Хоть в больнице, хоть дома — все равно она умирает. Ее тело представляется ей городом, а тромбы — мелкими обывателями, обустраивающимися в ее легких, печени, животе, селезенке, в спине. Проснешься с утра, а они уже новый домик выстроили. Врачи пробуют то одно, то другое. Ничего не помогает. Умереть в своей постели, глядя на любимый парк за окном, в окружении людей, к которым она привыкла и которым она доверяет, было бы куда легче. Не на этих же докторов с папками в руках ей любоваться! Не на этих сестер в белых шапочках и со шприцами наперевес! Что ей до их притворного сочувствия? Где же ее сын? Он привез ее сюда. И где он? Берта зовет его.
— Я здесь, матушка.
— Я хочу домой.
Она не видит его лица: он устроился в кресле у окна. Да Берте и не нужно его видеть, она и так знает, что он делает — теребит мочки ушей. Это у него от Льюиса.

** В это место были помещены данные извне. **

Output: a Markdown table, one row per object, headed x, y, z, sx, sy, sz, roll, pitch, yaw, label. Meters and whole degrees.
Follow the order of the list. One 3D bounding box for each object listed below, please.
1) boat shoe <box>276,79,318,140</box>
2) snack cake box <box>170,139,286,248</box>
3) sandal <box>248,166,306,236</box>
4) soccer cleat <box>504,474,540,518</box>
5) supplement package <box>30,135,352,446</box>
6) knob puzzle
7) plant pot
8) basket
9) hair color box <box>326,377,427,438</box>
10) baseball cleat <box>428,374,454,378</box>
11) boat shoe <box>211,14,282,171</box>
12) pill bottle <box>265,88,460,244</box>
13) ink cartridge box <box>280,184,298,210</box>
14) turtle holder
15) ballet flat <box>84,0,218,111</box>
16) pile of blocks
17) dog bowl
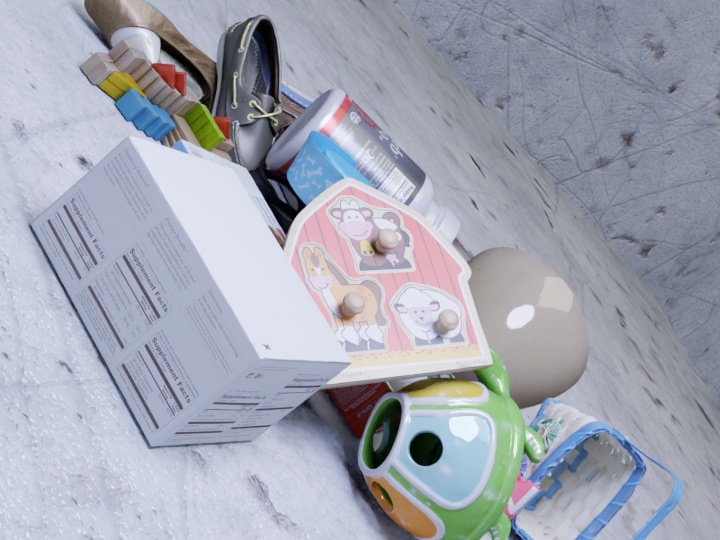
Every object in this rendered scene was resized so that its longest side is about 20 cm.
| x | y | z | sx | sy | sz | roll | pitch | yaw | label |
| --- | --- | --- | --- | --- | --- | --- | --- | --- | --- |
| -0.096 | -0.173 | 1.424 | 0.199 | 0.072 | 0.073 | 18 | 57 | 6 | boat shoe |
| -0.113 | -0.012 | 1.124 | 0.201 | 0.067 | 0.115 | 59 | 16 | 23 | snack cake box |
| -0.078 | -0.070 | 1.247 | 0.075 | 0.048 | 0.200 | 14 | 11 | -39 | sandal |
| 0.136 | 0.188 | 1.361 | 0.067 | 0.076 | 0.201 | 42 | 20 | -40 | soccer cleat |
| -0.126 | 0.019 | 0.945 | 0.201 | 0.111 | 0.156 | 58 | 17 | 18 | supplement package |
| 0.017 | -0.001 | 1.090 | 0.218 | 0.030 | 0.221 | 13 | 55 | -19 | knob puzzle |
| 0.155 | 0.090 | 1.484 | 0.134 | 0.200 | 0.201 | -30 | 80 | -39 | plant pot |
| 0.240 | 0.251 | 1.358 | 0.139 | 0.177 | 0.200 | 37 | 3 | -40 | basket |
| -0.014 | 0.065 | 1.240 | 0.201 | 0.064 | 0.111 | 58 | 19 | 14 | hair color box |
| 0.079 | 0.087 | 1.323 | 0.107 | 0.069 | 0.200 | 60 | -11 | 11 | baseball cleat |
| -0.120 | -0.184 | 1.355 | 0.072 | 0.060 | 0.203 | 12 | 68 | -39 | boat shoe |
| 0.005 | -0.088 | 1.321 | 0.200 | 0.116 | 0.116 | 44 | 18 | -14 | pill bottle |
| -0.005 | -0.078 | 1.531 | 0.200 | 0.083 | 0.147 | 31 | 26 | -49 | ink cartridge box |
| 0.081 | 0.151 | 1.110 | 0.131 | 0.186 | 0.141 | 25 | 13 | -23 | turtle holder |
| -0.218 | -0.228 | 1.329 | 0.200 | 0.067 | 0.073 | 38 | 40 | -51 | ballet flat |
| -0.188 | -0.165 | 1.251 | 0.200 | 0.062 | 0.082 | 35 | 23 | -44 | pile of blocks |
| 0.008 | -0.051 | 1.216 | 0.200 | 0.050 | 0.112 | 41 | 13 | -14 | dog bowl |

— Вам нельзя домой, матушка.
— Можно. И я поеду домой.
Он молчит.
— Дэвид!
— Да, матушка.
— Если родится девочка, не надо называть ее Бертой. Мне это будет неприятно.
— Мальчик, матушка, у нас родится мальчик. Мы назовем его Лоренсом. Я же вам говорил.

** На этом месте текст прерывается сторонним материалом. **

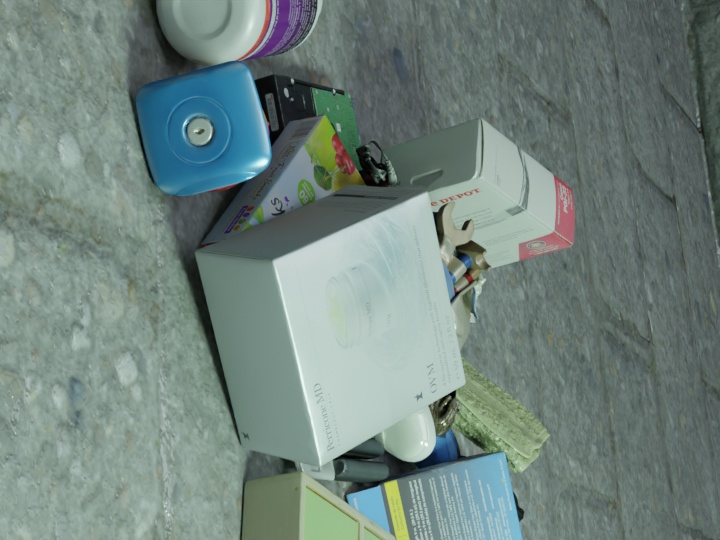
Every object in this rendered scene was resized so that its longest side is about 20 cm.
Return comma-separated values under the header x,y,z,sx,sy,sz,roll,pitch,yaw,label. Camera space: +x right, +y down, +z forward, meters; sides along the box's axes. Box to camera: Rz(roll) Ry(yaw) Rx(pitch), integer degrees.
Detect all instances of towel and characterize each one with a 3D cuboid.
x,y,z,sx,sy,sz,roll,pitch,yaw,label
0.130,0.151,1.859,0.200,0.037,0.148,38,18,6,towel

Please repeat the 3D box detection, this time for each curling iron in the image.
x,y,z,sx,sy,sz,roll,pitch,yaw,label
0.010,-0.105,1.668,0.050,0.025,0.200,60,-5,-2,curling iron

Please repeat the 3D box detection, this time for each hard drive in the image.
x,y,z,sx,sy,sz,roll,pitch,yaw,label
-0.050,-0.133,1.740,0.200,0.038,0.140,-2,80,-65,hard drive

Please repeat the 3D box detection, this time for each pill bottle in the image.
x,y,z,sx,sy,sz,roll,pitch,yaw,label
-0.111,-0.266,1.581,0.200,0.112,0.113,-27,102,-65,pill bottle

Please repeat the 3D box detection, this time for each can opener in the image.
x,y,z,sx,sy,sz,roll,pitch,yaw,label
-0.015,0.189,1.630,0.200,0.066,0.053,27,53,-66,can opener

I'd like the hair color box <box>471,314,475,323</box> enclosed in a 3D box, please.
x,y,z,sx,sy,sz,roll,pitch,yaw,label
0.072,-0.027,1.912,0.100,0.060,0.201,-3,81,-56,hair color box

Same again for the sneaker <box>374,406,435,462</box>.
x,y,z,sx,sy,sz,roll,pitch,yaw,label
-0.003,0.116,1.639,0.200,0.073,0.085,54,26,20,sneaker

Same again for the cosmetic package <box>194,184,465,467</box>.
x,y,z,sx,sy,sz,roll,pitch,yaw,label
-0.024,0.046,1.490,0.200,0.123,0.200,-25,111,-36,cosmetic package

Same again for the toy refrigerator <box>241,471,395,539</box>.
x,y,z,sx,sy,sz,roll,pitch,yaw,label
-0.034,0.266,1.536,0.200,0.070,0.076,45,39,-51,toy refrigerator

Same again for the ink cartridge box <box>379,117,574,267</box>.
x,y,z,sx,sy,sz,roll,pitch,yaw,label
0.134,-0.083,1.837,0.200,0.146,0.083,32,53,-45,ink cartridge box

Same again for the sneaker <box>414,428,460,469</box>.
x,y,z,sx,sy,sz,roll,pitch,yaw,label
0.047,0.173,1.770,0.200,0.066,0.079,60,32,-29,sneaker

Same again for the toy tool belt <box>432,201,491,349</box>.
x,y,z,sx,sy,sz,roll,pitch,yaw,label
0.070,-0.008,1.653,0.123,0.124,0.201,-46,133,-44,toy tool belt

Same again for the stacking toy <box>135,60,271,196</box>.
x,y,z,sx,sy,sz,roll,pitch,yaw,label
-0.128,-0.133,1.521,0.200,0.116,0.110,-30,106,-79,stacking toy

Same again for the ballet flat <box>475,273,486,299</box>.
x,y,z,sx,sy,sz,roll,pitch,yaw,label
0.082,0.000,1.785,0.200,0.072,0.072,23,58,-60,ballet flat

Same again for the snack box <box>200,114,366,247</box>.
x,y,z,sx,sy,sz,roll,pitch,yaw,label
-0.062,-0.039,1.590,0.142,0.053,0.200,58,44,-28,snack box

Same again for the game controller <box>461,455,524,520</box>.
x,y,z,sx,sy,sz,roll,pitch,yaw,label
0.150,0.302,1.972,0.200,0.042,0.105,41,57,-52,game controller

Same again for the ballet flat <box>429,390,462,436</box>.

— Ничего ты мне не говорил. Что за имя такое — Лоренс?
Он вздыхает:
— Мы это уже обсуждали.
— Когда?
— Много раз. Месяц назад. И позавчера вы меня спрашивали.
— Не спрашивала, неправда.
Он не отвечает.
— А когда дети придут?
— Они уже приходили, матушка.
— Когда?
Он опять молчит.
— Когда приходили? — Берта боится услышать ответ.
— Вчера.
— Неправда!
Она в ужасе сжимает простыни. Как же так, все, что было тридцать лет назад, — лица, события, даже разговоры слово в слово — она помнит прекрасно, а вот что внуки вчера приходили — забыла. Нет, не может быть. Похоже, память у нее теперь стала сродни картинам импрессионистов: чем ближе подходишь, тем меньше видно. Уткнешься носом в полотно — и увидишь только мазки и пятна. И у памяти еще много фокусов в рукаве припрятано. Воспоминания путаются, путаются события, люди, даты. Иногда Берта зовет сына Льюисом. Один раз она слышала, как сын обсуждает с врачом политику президента, и высказала свое мнение по поводу Рузвельта. Они оглянулись на Берту, и Дэвид сказал: «Мы о Кеннеди говорим, матушка». Имя врача ей тоже никак не удается запомнить. Совсем молодой мальчишка, еврей, то ли Вальденберг, то ли Вальденштайн, то ли Стайнбергвальд, то ли Бергсвальдштайн. Бритый череп, сумрачное выражение лица. Берта ему не доверяет. Она попросила Дэвида позвать доктора Фетчетта, и оказалось, бедняга умер еще в пятьдесят седьмом. Глупости какие, он же приходит к ней в палату. Каждый день приходит, температуру меряет, стоит у кровати, утешает Берту: «Дорогая моя, вы так бледны! Не желаете ли стаканчик виски?» У нее как будто обострилось зрение, до болезни она бы его лица так ясно не видела. Голубые прожилки на лбу, черные точки на огромном носу, влажно поблескивающие ноздри. Как у коровы. Да уж, красавцем его никак не назовешь. Берта смотрит на увядающие цветы и силится вспомнить, кто же их прислал. Снова и снова спрашивает Дэвида, почему ей нельзя вернуться домой.